Extra Ordinary

2019

Directors: Mike Ahern, Enda Loughman

Starring: Maeve Higgins, Barry Ward, Will Forte, Claudia O’Doherty

Words – Carly Stevenson

Rose (Maeve Higgins) is a driving instructor with an extraordinary talent: she can communicate with the dead. A kind widower named Martin (Barry Ward) tries to enlist her help when unexplained supernatural forces possess his teenage daughter, but Rose is reluctant to use her gift because of a family tragedy involving her late father, a dog and a puddle.
If you are trying to make sense of the last sentence, don’t bother.
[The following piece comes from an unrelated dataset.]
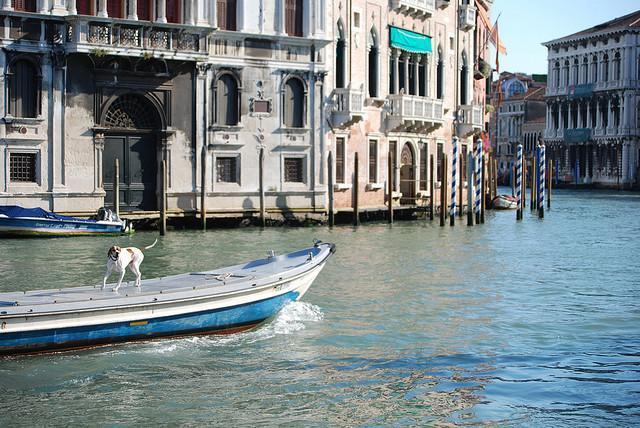How many boats are in the photo?
Give a very brief answer. 2. 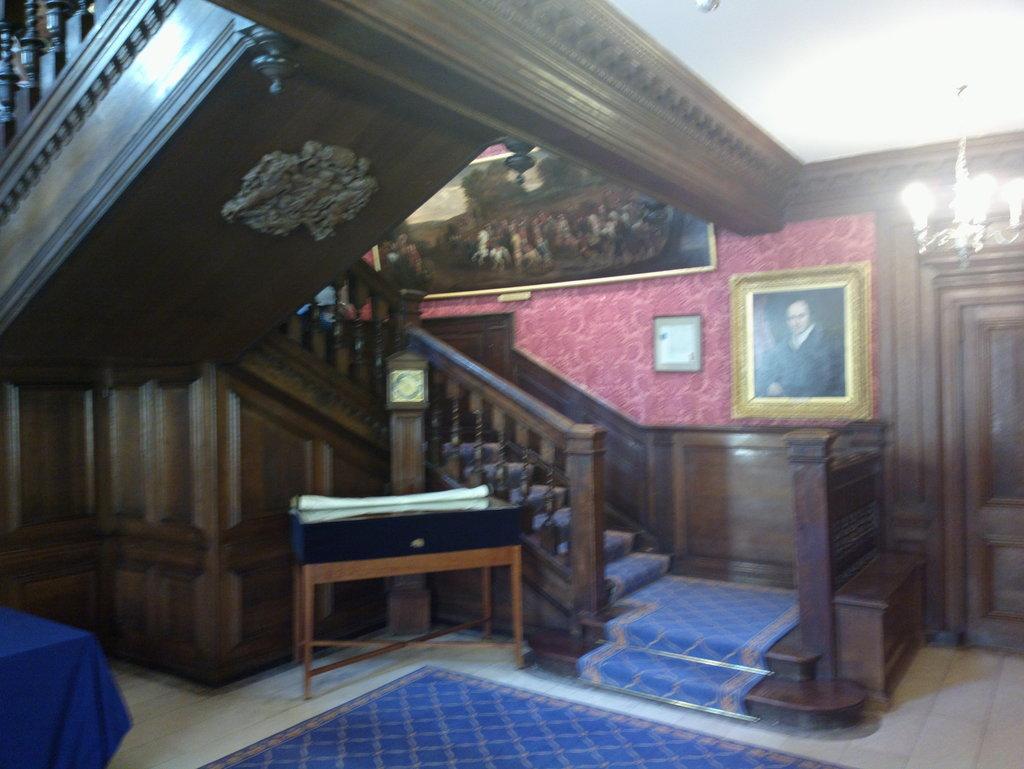Could you give a brief overview of what you see in this image? In this image i can see a floor mat, stairs, the wall, few photo frames attached to the wall, the ceiling, a chandelier and a door.

Just go and see this film.

Extra Ordinary has all the cosiness and warmth of a cup of tea or a knitted jumper, which is perhaps the opposite effect one expects from a film about unquiet spirits and satanic rituals, and yet, this wholesome horror comedy hits all the right notes.
Mike Ahern and Enda Loughman’s first feature bears the surrealist quality of The League of Gentleman, only without the creeping sense of unease. The ghosts in this film are belligerent, but in a local, domestic sort of way; they agitate, but they are not harbingers of doom. Even the film’s antagonist (Will Forte) is a camp, pantomime villain, complete with a spooky castle and a cape.

Consistently funny, confidently silly yet surprisingly tender, Extra Ordinary shows a softer side to the things that go bump in the night.